Given the spot rates for a zero coupon security maturing at time 1 and a zero coupon security maturing at time 2, (where time 1 < time 2), it is possible through bootstrapping, to calculate the forward rate for the period between time 1 and time 2.
Similarly, given the spot volatilities for the period from $t_0$ to $t_1$ ($σ_{t_0,t_1}$) and from $t_0$ to $t_2$ ($σ_{t_0,t_2}$) respectively, it is possible to infer the expected volatility between $t_1$ and $t_2$ ($σ_{ t_1,t_2}$). This is the forward implied volatility (also known as the forward-forward volatility) for the period [$t_1$, $t_2$].

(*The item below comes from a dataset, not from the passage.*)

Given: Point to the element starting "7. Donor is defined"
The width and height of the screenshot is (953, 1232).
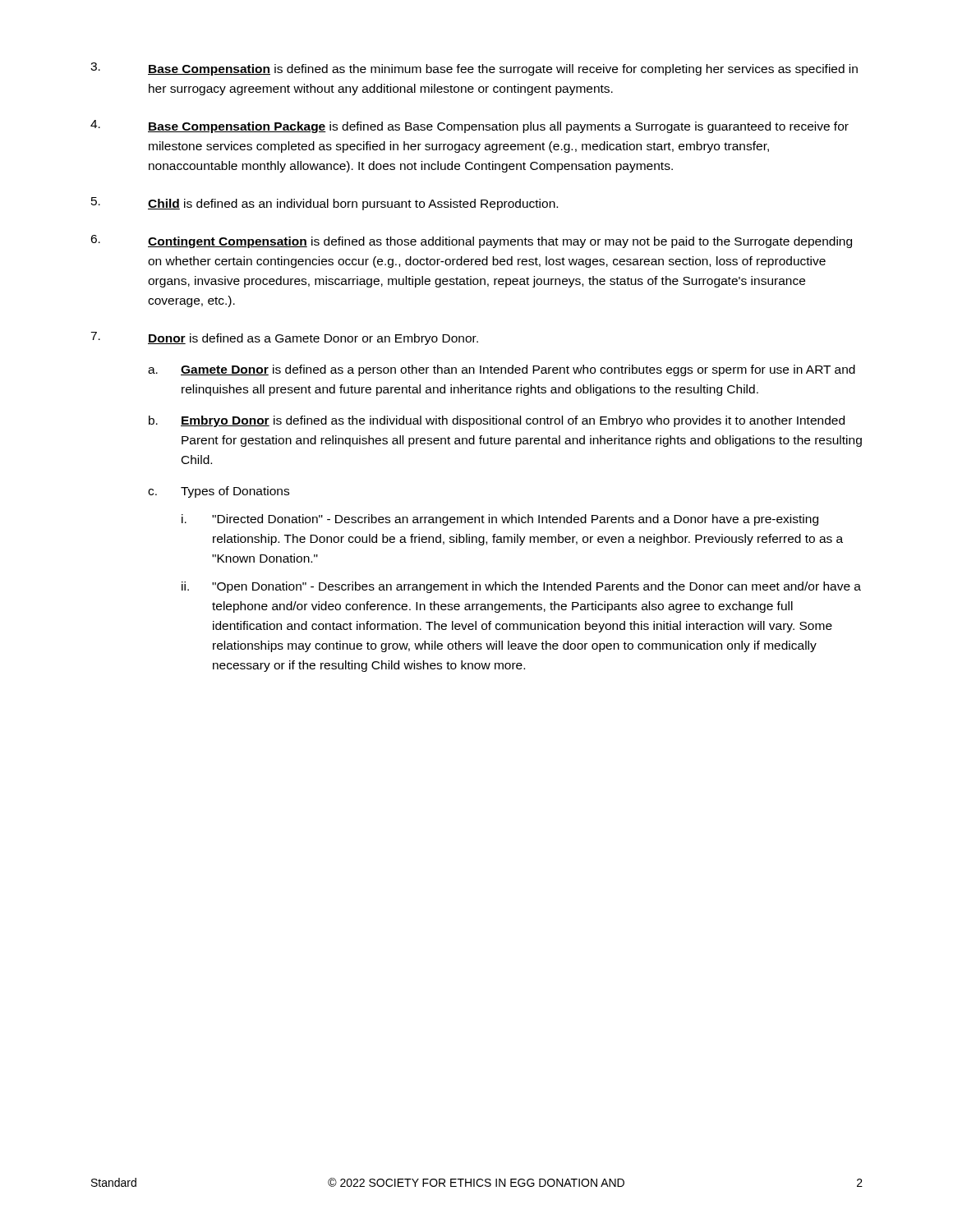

In ‘Dynamic Hedging’ Nicholas Nassim Taleb, assuming equal time intervals, presents a formula for computing the annualized forward implied volatility for the period between [$t_0, t_2$], , as follows:
$\sigma^2_{t_0,t_2}=\sigma^2_{t_0,t_1}+\sigma^2_{t_1,t_2}$
If the implied volatility were the volatility of independent log returns the use of the additive property of variance would be clear. Suppose, on the contrary, that the implied volatility were the volatility of the price of a share. How can you justify the additive form?